Note. The title was modified. Previous title was "Every theorem t has a proof no more complex than~|t|. Is this right?"
The question ("Is Kolmogorov complexity (KC) relevant for proof theory?") arises because every theorem has a proof with low Kolmogorov complexity". To be more specific,
Every theorem $t$ has a proof $p$ with $K(p)\leq K(t)+c\leq|t|+c'$, where $c$ and $c'$ are constants.
Proof: It is assumed that there is a proof checking algorithm $C(x)$ that
outputs TRUE if $x$ is a correct proof, FALSE otherwise.

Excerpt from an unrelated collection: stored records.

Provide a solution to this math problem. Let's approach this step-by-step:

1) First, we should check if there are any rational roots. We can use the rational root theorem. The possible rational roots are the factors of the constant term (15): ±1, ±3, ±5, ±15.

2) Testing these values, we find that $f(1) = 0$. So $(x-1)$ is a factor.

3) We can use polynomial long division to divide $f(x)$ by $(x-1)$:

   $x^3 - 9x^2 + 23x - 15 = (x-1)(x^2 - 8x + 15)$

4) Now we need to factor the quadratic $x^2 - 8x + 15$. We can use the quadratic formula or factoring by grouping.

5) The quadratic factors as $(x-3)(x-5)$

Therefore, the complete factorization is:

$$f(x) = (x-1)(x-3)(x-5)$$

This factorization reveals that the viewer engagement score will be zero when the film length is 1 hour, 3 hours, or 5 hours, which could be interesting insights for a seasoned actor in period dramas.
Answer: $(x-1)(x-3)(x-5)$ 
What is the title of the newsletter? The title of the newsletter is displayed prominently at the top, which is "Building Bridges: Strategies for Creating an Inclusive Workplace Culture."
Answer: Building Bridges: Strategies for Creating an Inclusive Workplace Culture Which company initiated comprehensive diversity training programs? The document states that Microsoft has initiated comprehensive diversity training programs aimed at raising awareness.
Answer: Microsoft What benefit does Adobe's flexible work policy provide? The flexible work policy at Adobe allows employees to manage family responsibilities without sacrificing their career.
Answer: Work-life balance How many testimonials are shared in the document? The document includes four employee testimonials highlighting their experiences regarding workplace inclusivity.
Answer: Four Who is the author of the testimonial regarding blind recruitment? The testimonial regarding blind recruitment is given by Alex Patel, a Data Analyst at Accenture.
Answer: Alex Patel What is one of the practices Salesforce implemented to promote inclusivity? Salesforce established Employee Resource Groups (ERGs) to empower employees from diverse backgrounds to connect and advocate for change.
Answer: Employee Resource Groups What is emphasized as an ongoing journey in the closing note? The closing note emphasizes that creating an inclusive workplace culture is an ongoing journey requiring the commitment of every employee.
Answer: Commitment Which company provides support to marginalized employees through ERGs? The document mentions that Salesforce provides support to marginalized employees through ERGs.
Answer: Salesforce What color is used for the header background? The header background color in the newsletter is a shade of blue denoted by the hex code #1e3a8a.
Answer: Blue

Then there exists a fixed (depending on the formal system) Turing
machine $M$ with
Input: $t$ a string (that may be a theorem)
- $M$ enumerates all the proofs until (and if) $t$ is proved.

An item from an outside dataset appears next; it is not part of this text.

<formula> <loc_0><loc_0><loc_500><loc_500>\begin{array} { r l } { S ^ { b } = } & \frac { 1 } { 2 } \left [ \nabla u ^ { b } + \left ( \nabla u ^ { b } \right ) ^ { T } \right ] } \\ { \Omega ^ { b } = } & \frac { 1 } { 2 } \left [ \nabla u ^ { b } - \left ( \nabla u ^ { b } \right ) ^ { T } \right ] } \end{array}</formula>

- When $t$ is proved, print the proof $p$ and halt.
Thus, if $t$ is a theorem, $M(t)$ prints a proof of $t$.
Using the universal TM, we get
$ K(p) \leq K(t) + c \leq |t| + c' $
where $c$ and $c'$ are constants.
Thus, and apart from a constant, no theorem needs a proof with Kolmogorov complexity greater than $|t|$. To me this seems a bit strange.

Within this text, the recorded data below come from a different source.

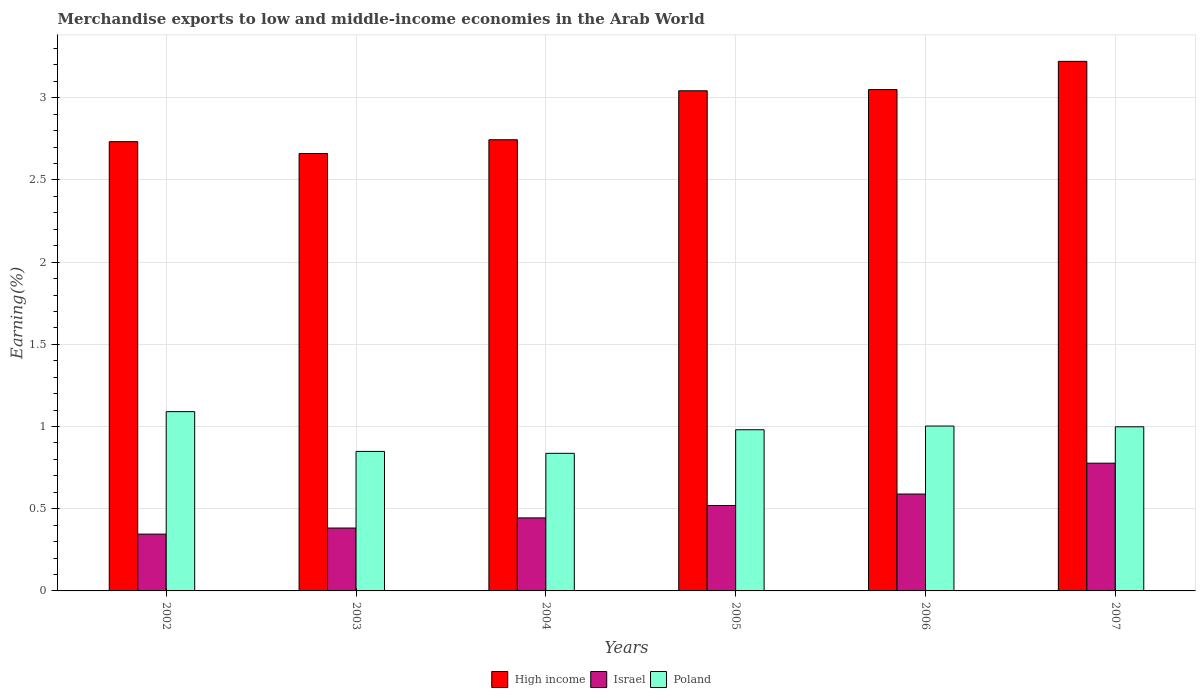How many different coloured bars are there?
Provide a succinct answer. 3. Are the number of bars on each tick of the X-axis equal?
Your response must be concise. Yes. How many bars are there on the 5th tick from the left?
Offer a terse response. 3. What is the label of the 4th group of bars from the left?
Your response must be concise. 2005. What is the percentage of amount earned from merchandise exports in Israel in 2005?
Make the answer very short. 0.52. Across all years, what is the maximum percentage of amount earned from merchandise exports in Israel?
Make the answer very short. 0.78. Across all years, what is the minimum percentage of amount earned from merchandise exports in Poland?
Provide a short and direct response. 0.84. In which year was the percentage of amount earned from merchandise exports in High income maximum?
Your answer should be very brief. 2007. In which year was the percentage of amount earned from merchandise exports in Poland minimum?
Keep it short and to the point. 2004. What is the total percentage of amount earned from merchandise exports in Israel in the graph?
Make the answer very short. 3.06. What is the difference between the percentage of amount earned from merchandise exports in Israel in 2002 and that in 2006?
Your answer should be compact. -0.24. What is the difference between the percentage of amount earned from merchandise exports in Poland in 2003 and the percentage of amount earned from merchandise exports in Israel in 2006?
Your response must be concise. 0.26. What is the average percentage of amount earned from merchandise exports in Israel per year?
Offer a very short reply. 0.51. In the year 2006, what is the difference between the percentage of amount earned from merchandise exports in Israel and percentage of amount earned from merchandise exports in Poland?
Keep it short and to the point. -0.41. In how many years, is the percentage of amount earned from merchandise exports in Poland greater than 2.6 %?
Ensure brevity in your answer.  0. What is the ratio of the percentage of amount earned from merchandise exports in Israel in 2004 to that in 2005?
Make the answer very short. 0.85. What is the difference between the highest and the second highest percentage of amount earned from merchandise exports in Poland?
Offer a terse response. 0.09. What is the difference between the highest and the lowest percentage of amount earned from merchandise exports in Poland?
Ensure brevity in your answer.  0.25. Is the sum of the percentage of amount earned from merchandise exports in Israel in 2003 and 2005 greater than the maximum percentage of amount earned from merchandise exports in High income across all years?
Offer a very short reply. No. What does the 3rd bar from the left in 2003 represents?
Provide a short and direct response. Poland. Is it the case that in every year, the sum of the percentage of amount earned from merchandise exports in Israel and percentage of amount earned from merchandise exports in High income is greater than the percentage of amount earned from merchandise exports in Poland?
Your answer should be very brief. Yes. Are all the bars in the graph horizontal?
Give a very brief answer. No. How many years are there in the graph?
Your answer should be very brief. 6. What is the difference between two consecutive major ticks on the Y-axis?
Provide a succinct answer. 0.5. Are the values on the major ticks of Y-axis written in scientific E-notation?
Keep it short and to the point. No. Does the graph contain any zero values?
Keep it short and to the point. No. Where does the legend appear in the graph?
Provide a succinct answer. Bottom center. How many legend labels are there?
Your response must be concise. 3. How are the legend labels stacked?
Provide a succinct answer. Horizontal. What is the title of the graph?
Provide a succinct answer. Merchandise exports to low and middle-income economies in the Arab World. Does "Japan" appear as one of the legend labels in the graph?
Your answer should be very brief. No. What is the label or title of the Y-axis?
Give a very brief answer. Earning(%). What is the Earning(%) of High income in 2002?
Provide a short and direct response. 2.73. What is the Earning(%) in Israel in 2002?
Give a very brief answer. 0.35. What is the Earning(%) in Poland in 2002?
Make the answer very short. 1.09. What is the Earning(%) of High income in 2003?
Offer a very short reply. 2.66. What is the Earning(%) of Israel in 2003?
Provide a succinct answer. 0.38. What is the Earning(%) of Poland in 2003?
Make the answer very short. 0.85. What is the Earning(%) in High income in 2004?
Provide a short and direct response. 2.74. What is the Earning(%) in Israel in 2004?
Offer a terse response. 0.44. What is the Earning(%) of Poland in 2004?
Give a very brief answer. 0.84. What is the Earning(%) in High income in 2005?
Offer a terse response. 3.04. What is the Earning(%) in Israel in 2005?
Offer a terse response. 0.52. What is the Earning(%) in Poland in 2005?
Your response must be concise. 0.98. What is the Earning(%) of High income in 2006?
Ensure brevity in your answer.  3.05. What is the Earning(%) in Israel in 2006?
Ensure brevity in your answer.  0.59. What is the Earning(%) of Poland in 2006?
Provide a succinct answer. 1. What is the Earning(%) of High income in 2007?
Offer a terse response. 3.22. What is the Earning(%) in Israel in 2007?
Your answer should be very brief. 0.78. What is the Earning(%) in Poland in 2007?
Offer a terse response. 1. Across all years, what is the maximum Earning(%) in High income?
Offer a very short reply. 3.22. Across all years, what is the maximum Earning(%) of Israel?
Keep it short and to the point. 0.78. Across all years, what is the maximum Earning(%) of Poland?
Your response must be concise. 1.09. Across all years, what is the minimum Earning(%) in High income?
Your response must be concise. 2.66. Across all years, what is the minimum Earning(%) of Israel?
Give a very brief answer. 0.35. Across all years, what is the minimum Earning(%) in Poland?
Keep it short and to the point. 0.84. What is the total Earning(%) of High income in the graph?
Keep it short and to the point. 17.45. What is the total Earning(%) in Israel in the graph?
Keep it short and to the point. 3.06. What is the total Earning(%) of Poland in the graph?
Your answer should be compact. 5.76. What is the difference between the Earning(%) in High income in 2002 and that in 2003?
Give a very brief answer. 0.07. What is the difference between the Earning(%) of Israel in 2002 and that in 2003?
Offer a terse response. -0.04. What is the difference between the Earning(%) in Poland in 2002 and that in 2003?
Provide a short and direct response. 0.24. What is the difference between the Earning(%) in High income in 2002 and that in 2004?
Provide a short and direct response. -0.01. What is the difference between the Earning(%) of Israel in 2002 and that in 2004?
Your response must be concise. -0.1. What is the difference between the Earning(%) in Poland in 2002 and that in 2004?
Make the answer very short. 0.25. What is the difference between the Earning(%) in High income in 2002 and that in 2005?
Make the answer very short. -0.31. What is the difference between the Earning(%) in Israel in 2002 and that in 2005?
Keep it short and to the point. -0.17. What is the difference between the Earning(%) of Poland in 2002 and that in 2005?
Offer a terse response. 0.11. What is the difference between the Earning(%) of High income in 2002 and that in 2006?
Keep it short and to the point. -0.32. What is the difference between the Earning(%) in Israel in 2002 and that in 2006?
Provide a short and direct response. -0.24. What is the difference between the Earning(%) in Poland in 2002 and that in 2006?
Offer a terse response. 0.09. What is the difference between the Earning(%) of High income in 2002 and that in 2007?
Ensure brevity in your answer.  -0.49. What is the difference between the Earning(%) in Israel in 2002 and that in 2007?
Ensure brevity in your answer.  -0.43. What is the difference between the Earning(%) of Poland in 2002 and that in 2007?
Make the answer very short. 0.09. What is the difference between the Earning(%) in High income in 2003 and that in 2004?
Offer a terse response. -0.08. What is the difference between the Earning(%) of Israel in 2003 and that in 2004?
Your response must be concise. -0.06. What is the difference between the Earning(%) of Poland in 2003 and that in 2004?
Offer a very short reply. 0.01. What is the difference between the Earning(%) of High income in 2003 and that in 2005?
Provide a succinct answer. -0.38. What is the difference between the Earning(%) of Israel in 2003 and that in 2005?
Offer a terse response. -0.14. What is the difference between the Earning(%) of Poland in 2003 and that in 2005?
Give a very brief answer. -0.13. What is the difference between the Earning(%) in High income in 2003 and that in 2006?
Provide a succinct answer. -0.39. What is the difference between the Earning(%) in Israel in 2003 and that in 2006?
Ensure brevity in your answer.  -0.21. What is the difference between the Earning(%) of Poland in 2003 and that in 2006?
Provide a succinct answer. -0.15. What is the difference between the Earning(%) of High income in 2003 and that in 2007?
Your answer should be compact. -0.56. What is the difference between the Earning(%) of Israel in 2003 and that in 2007?
Keep it short and to the point. -0.39. What is the difference between the Earning(%) in Poland in 2003 and that in 2007?
Ensure brevity in your answer.  -0.15. What is the difference between the Earning(%) in High income in 2004 and that in 2005?
Ensure brevity in your answer.  -0.3. What is the difference between the Earning(%) in Israel in 2004 and that in 2005?
Your answer should be very brief. -0.08. What is the difference between the Earning(%) of Poland in 2004 and that in 2005?
Make the answer very short. -0.14. What is the difference between the Earning(%) in High income in 2004 and that in 2006?
Keep it short and to the point. -0.31. What is the difference between the Earning(%) of Israel in 2004 and that in 2006?
Ensure brevity in your answer.  -0.15. What is the difference between the Earning(%) of Poland in 2004 and that in 2006?
Ensure brevity in your answer.  -0.17. What is the difference between the Earning(%) in High income in 2004 and that in 2007?
Ensure brevity in your answer.  -0.48. What is the difference between the Earning(%) in Israel in 2004 and that in 2007?
Give a very brief answer. -0.33. What is the difference between the Earning(%) in Poland in 2004 and that in 2007?
Offer a very short reply. -0.16. What is the difference between the Earning(%) in High income in 2005 and that in 2006?
Give a very brief answer. -0.01. What is the difference between the Earning(%) of Israel in 2005 and that in 2006?
Make the answer very short. -0.07. What is the difference between the Earning(%) in Poland in 2005 and that in 2006?
Offer a very short reply. -0.02. What is the difference between the Earning(%) of High income in 2005 and that in 2007?
Give a very brief answer. -0.18. What is the difference between the Earning(%) in Israel in 2005 and that in 2007?
Provide a short and direct response. -0.26. What is the difference between the Earning(%) of Poland in 2005 and that in 2007?
Keep it short and to the point. -0.02. What is the difference between the Earning(%) of High income in 2006 and that in 2007?
Provide a short and direct response. -0.17. What is the difference between the Earning(%) in Israel in 2006 and that in 2007?
Keep it short and to the point. -0.19. What is the difference between the Earning(%) in Poland in 2006 and that in 2007?
Your answer should be compact. 0. What is the difference between the Earning(%) in High income in 2002 and the Earning(%) in Israel in 2003?
Offer a terse response. 2.35. What is the difference between the Earning(%) in High income in 2002 and the Earning(%) in Poland in 2003?
Your answer should be very brief. 1.88. What is the difference between the Earning(%) of Israel in 2002 and the Earning(%) of Poland in 2003?
Your response must be concise. -0.5. What is the difference between the Earning(%) of High income in 2002 and the Earning(%) of Israel in 2004?
Provide a succinct answer. 2.29. What is the difference between the Earning(%) in High income in 2002 and the Earning(%) in Poland in 2004?
Make the answer very short. 1.9. What is the difference between the Earning(%) in Israel in 2002 and the Earning(%) in Poland in 2004?
Offer a terse response. -0.49. What is the difference between the Earning(%) in High income in 2002 and the Earning(%) in Israel in 2005?
Offer a very short reply. 2.21. What is the difference between the Earning(%) of High income in 2002 and the Earning(%) of Poland in 2005?
Your response must be concise. 1.75. What is the difference between the Earning(%) of Israel in 2002 and the Earning(%) of Poland in 2005?
Keep it short and to the point. -0.63. What is the difference between the Earning(%) in High income in 2002 and the Earning(%) in Israel in 2006?
Ensure brevity in your answer.  2.14. What is the difference between the Earning(%) in High income in 2002 and the Earning(%) in Poland in 2006?
Your answer should be very brief. 1.73. What is the difference between the Earning(%) of Israel in 2002 and the Earning(%) of Poland in 2006?
Make the answer very short. -0.66. What is the difference between the Earning(%) in High income in 2002 and the Earning(%) in Israel in 2007?
Your response must be concise. 1.96. What is the difference between the Earning(%) of High income in 2002 and the Earning(%) of Poland in 2007?
Give a very brief answer. 1.73. What is the difference between the Earning(%) of Israel in 2002 and the Earning(%) of Poland in 2007?
Your answer should be very brief. -0.65. What is the difference between the Earning(%) of High income in 2003 and the Earning(%) of Israel in 2004?
Your response must be concise. 2.22. What is the difference between the Earning(%) in High income in 2003 and the Earning(%) in Poland in 2004?
Your answer should be compact. 1.82. What is the difference between the Earning(%) in Israel in 2003 and the Earning(%) in Poland in 2004?
Make the answer very short. -0.45. What is the difference between the Earning(%) in High income in 2003 and the Earning(%) in Israel in 2005?
Your response must be concise. 2.14. What is the difference between the Earning(%) in High income in 2003 and the Earning(%) in Poland in 2005?
Offer a very short reply. 1.68. What is the difference between the Earning(%) of Israel in 2003 and the Earning(%) of Poland in 2005?
Give a very brief answer. -0.6. What is the difference between the Earning(%) of High income in 2003 and the Earning(%) of Israel in 2006?
Offer a terse response. 2.07. What is the difference between the Earning(%) in High income in 2003 and the Earning(%) in Poland in 2006?
Offer a terse response. 1.66. What is the difference between the Earning(%) in Israel in 2003 and the Earning(%) in Poland in 2006?
Offer a terse response. -0.62. What is the difference between the Earning(%) in High income in 2003 and the Earning(%) in Israel in 2007?
Keep it short and to the point. 1.88. What is the difference between the Earning(%) in High income in 2003 and the Earning(%) in Poland in 2007?
Your answer should be compact. 1.66. What is the difference between the Earning(%) of Israel in 2003 and the Earning(%) of Poland in 2007?
Give a very brief answer. -0.62. What is the difference between the Earning(%) in High income in 2004 and the Earning(%) in Israel in 2005?
Your answer should be compact. 2.23. What is the difference between the Earning(%) of High income in 2004 and the Earning(%) of Poland in 2005?
Your response must be concise. 1.76. What is the difference between the Earning(%) in Israel in 2004 and the Earning(%) in Poland in 2005?
Give a very brief answer. -0.54. What is the difference between the Earning(%) in High income in 2004 and the Earning(%) in Israel in 2006?
Offer a very short reply. 2.16. What is the difference between the Earning(%) of High income in 2004 and the Earning(%) of Poland in 2006?
Give a very brief answer. 1.74. What is the difference between the Earning(%) in Israel in 2004 and the Earning(%) in Poland in 2006?
Provide a succinct answer. -0.56. What is the difference between the Earning(%) in High income in 2004 and the Earning(%) in Israel in 2007?
Offer a terse response. 1.97. What is the difference between the Earning(%) in High income in 2004 and the Earning(%) in Poland in 2007?
Make the answer very short. 1.75. What is the difference between the Earning(%) in Israel in 2004 and the Earning(%) in Poland in 2007?
Ensure brevity in your answer.  -0.55. What is the difference between the Earning(%) of High income in 2005 and the Earning(%) of Israel in 2006?
Your response must be concise. 2.45. What is the difference between the Earning(%) of High income in 2005 and the Earning(%) of Poland in 2006?
Provide a short and direct response. 2.04. What is the difference between the Earning(%) in Israel in 2005 and the Earning(%) in Poland in 2006?
Keep it short and to the point. -0.48. What is the difference between the Earning(%) in High income in 2005 and the Earning(%) in Israel in 2007?
Make the answer very short. 2.27. What is the difference between the Earning(%) of High income in 2005 and the Earning(%) of Poland in 2007?
Provide a succinct answer. 2.04. What is the difference between the Earning(%) in Israel in 2005 and the Earning(%) in Poland in 2007?
Offer a terse response. -0.48. What is the difference between the Earning(%) in High income in 2006 and the Earning(%) in Israel in 2007?
Make the answer very short. 2.27. What is the difference between the Earning(%) in High income in 2006 and the Earning(%) in Poland in 2007?
Ensure brevity in your answer.  2.05. What is the difference between the Earning(%) of Israel in 2006 and the Earning(%) of Poland in 2007?
Give a very brief answer. -0.41. What is the average Earning(%) of High income per year?
Your response must be concise. 2.91. What is the average Earning(%) of Israel per year?
Give a very brief answer. 0.51. What is the average Earning(%) in Poland per year?
Your response must be concise. 0.96. In the year 2002, what is the difference between the Earning(%) of High income and Earning(%) of Israel?
Offer a very short reply. 2.39. In the year 2002, what is the difference between the Earning(%) in High income and Earning(%) in Poland?
Provide a succinct answer. 1.64. In the year 2002, what is the difference between the Earning(%) of Israel and Earning(%) of Poland?
Your response must be concise. -0.74. In the year 2003, what is the difference between the Earning(%) in High income and Earning(%) in Israel?
Provide a succinct answer. 2.28. In the year 2003, what is the difference between the Earning(%) in High income and Earning(%) in Poland?
Keep it short and to the point. 1.81. In the year 2003, what is the difference between the Earning(%) in Israel and Earning(%) in Poland?
Give a very brief answer. -0.47. In the year 2004, what is the difference between the Earning(%) in High income and Earning(%) in Israel?
Your answer should be compact. 2.3. In the year 2004, what is the difference between the Earning(%) of High income and Earning(%) of Poland?
Your answer should be very brief. 1.91. In the year 2004, what is the difference between the Earning(%) of Israel and Earning(%) of Poland?
Offer a terse response. -0.39. In the year 2005, what is the difference between the Earning(%) of High income and Earning(%) of Israel?
Provide a succinct answer. 2.52. In the year 2005, what is the difference between the Earning(%) of High income and Earning(%) of Poland?
Keep it short and to the point. 2.06. In the year 2005, what is the difference between the Earning(%) of Israel and Earning(%) of Poland?
Provide a short and direct response. -0.46. In the year 2006, what is the difference between the Earning(%) of High income and Earning(%) of Israel?
Offer a terse response. 2.46. In the year 2006, what is the difference between the Earning(%) of High income and Earning(%) of Poland?
Keep it short and to the point. 2.05. In the year 2006, what is the difference between the Earning(%) in Israel and Earning(%) in Poland?
Give a very brief answer. -0.41. In the year 2007, what is the difference between the Earning(%) in High income and Earning(%) in Israel?
Keep it short and to the point. 2.44. In the year 2007, what is the difference between the Earning(%) in High income and Earning(%) in Poland?
Offer a very short reply. 2.22. In the year 2007, what is the difference between the Earning(%) of Israel and Earning(%) of Poland?
Give a very brief answer. -0.22. What is the ratio of the Earning(%) of High income in 2002 to that in 2003?
Keep it short and to the point. 1.03. What is the ratio of the Earning(%) of Israel in 2002 to that in 2003?
Offer a terse response. 0.9. What is the ratio of the Earning(%) of Poland in 2002 to that in 2003?
Ensure brevity in your answer.  1.28. What is the ratio of the Earning(%) in High income in 2002 to that in 2004?
Your answer should be very brief. 1. What is the ratio of the Earning(%) in Israel in 2002 to that in 2004?
Make the answer very short. 0.78. What is the ratio of the Earning(%) of Poland in 2002 to that in 2004?
Your response must be concise. 1.3. What is the ratio of the Earning(%) of High income in 2002 to that in 2005?
Your answer should be compact. 0.9. What is the ratio of the Earning(%) of Israel in 2002 to that in 2005?
Ensure brevity in your answer.  0.67. What is the ratio of the Earning(%) of Poland in 2002 to that in 2005?
Make the answer very short. 1.11. What is the ratio of the Earning(%) in High income in 2002 to that in 2006?
Offer a very short reply. 0.9. What is the ratio of the Earning(%) of Israel in 2002 to that in 2006?
Make the answer very short. 0.59. What is the ratio of the Earning(%) in Poland in 2002 to that in 2006?
Provide a short and direct response. 1.09. What is the ratio of the Earning(%) of High income in 2002 to that in 2007?
Provide a short and direct response. 0.85. What is the ratio of the Earning(%) of Israel in 2002 to that in 2007?
Your response must be concise. 0.44. What is the ratio of the Earning(%) of Poland in 2002 to that in 2007?
Keep it short and to the point. 1.09. What is the ratio of the Earning(%) in High income in 2003 to that in 2004?
Offer a very short reply. 0.97. What is the ratio of the Earning(%) of Israel in 2003 to that in 2004?
Your answer should be very brief. 0.86. What is the ratio of the Earning(%) in Poland in 2003 to that in 2004?
Your answer should be compact. 1.01. What is the ratio of the Earning(%) of High income in 2003 to that in 2005?
Your answer should be compact. 0.87. What is the ratio of the Earning(%) of Israel in 2003 to that in 2005?
Make the answer very short. 0.74. What is the ratio of the Earning(%) in Poland in 2003 to that in 2005?
Your answer should be very brief. 0.87. What is the ratio of the Earning(%) in High income in 2003 to that in 2006?
Your answer should be compact. 0.87. What is the ratio of the Earning(%) in Israel in 2003 to that in 2006?
Your answer should be compact. 0.65. What is the ratio of the Earning(%) in Poland in 2003 to that in 2006?
Offer a very short reply. 0.85. What is the ratio of the Earning(%) in High income in 2003 to that in 2007?
Offer a very short reply. 0.83. What is the ratio of the Earning(%) in Israel in 2003 to that in 2007?
Offer a very short reply. 0.49. What is the ratio of the Earning(%) of Poland in 2003 to that in 2007?
Make the answer very short. 0.85. What is the ratio of the Earning(%) in High income in 2004 to that in 2005?
Your response must be concise. 0.9. What is the ratio of the Earning(%) in Israel in 2004 to that in 2005?
Your response must be concise. 0.85. What is the ratio of the Earning(%) of Poland in 2004 to that in 2005?
Provide a succinct answer. 0.85. What is the ratio of the Earning(%) in High income in 2004 to that in 2006?
Offer a terse response. 0.9. What is the ratio of the Earning(%) of Israel in 2004 to that in 2006?
Ensure brevity in your answer.  0.75. What is the ratio of the Earning(%) in Poland in 2004 to that in 2006?
Make the answer very short. 0.83. What is the ratio of the Earning(%) in High income in 2004 to that in 2007?
Your answer should be compact. 0.85. What is the ratio of the Earning(%) of Israel in 2004 to that in 2007?
Offer a very short reply. 0.57. What is the ratio of the Earning(%) of Poland in 2004 to that in 2007?
Give a very brief answer. 0.84. What is the ratio of the Earning(%) in Israel in 2005 to that in 2006?
Your response must be concise. 0.88. What is the ratio of the Earning(%) of Poland in 2005 to that in 2006?
Provide a short and direct response. 0.98. What is the ratio of the Earning(%) in High income in 2005 to that in 2007?
Your response must be concise. 0.94. What is the ratio of the Earning(%) in Israel in 2005 to that in 2007?
Make the answer very short. 0.67. What is the ratio of the Earning(%) in Poland in 2005 to that in 2007?
Ensure brevity in your answer.  0.98. What is the ratio of the Earning(%) in High income in 2006 to that in 2007?
Offer a very short reply. 0.95. What is the ratio of the Earning(%) of Israel in 2006 to that in 2007?
Give a very brief answer. 0.76. What is the difference between the highest and the second highest Earning(%) of High income?
Offer a terse response. 0.17. What is the difference between the highest and the second highest Earning(%) of Israel?
Offer a terse response. 0.19. What is the difference between the highest and the second highest Earning(%) of Poland?
Your answer should be compact. 0.09. What is the difference between the highest and the lowest Earning(%) in High income?
Ensure brevity in your answer.  0.56. What is the difference between the highest and the lowest Earning(%) of Israel?
Ensure brevity in your answer.  0.43. What is the difference between the highest and the lowest Earning(%) in Poland?
Offer a very short reply. 0.25.

In other words, the number of bits of "inspiration" (or "non-deterministic bits", or "oracle bits") needed to prove any theorem $t$ is at most $|t|+c$.
If this is true, the very lengthy proofs that sometimes are needed to prove some simple to state theorems are necessarily very regular / structured / compressible (synonymous).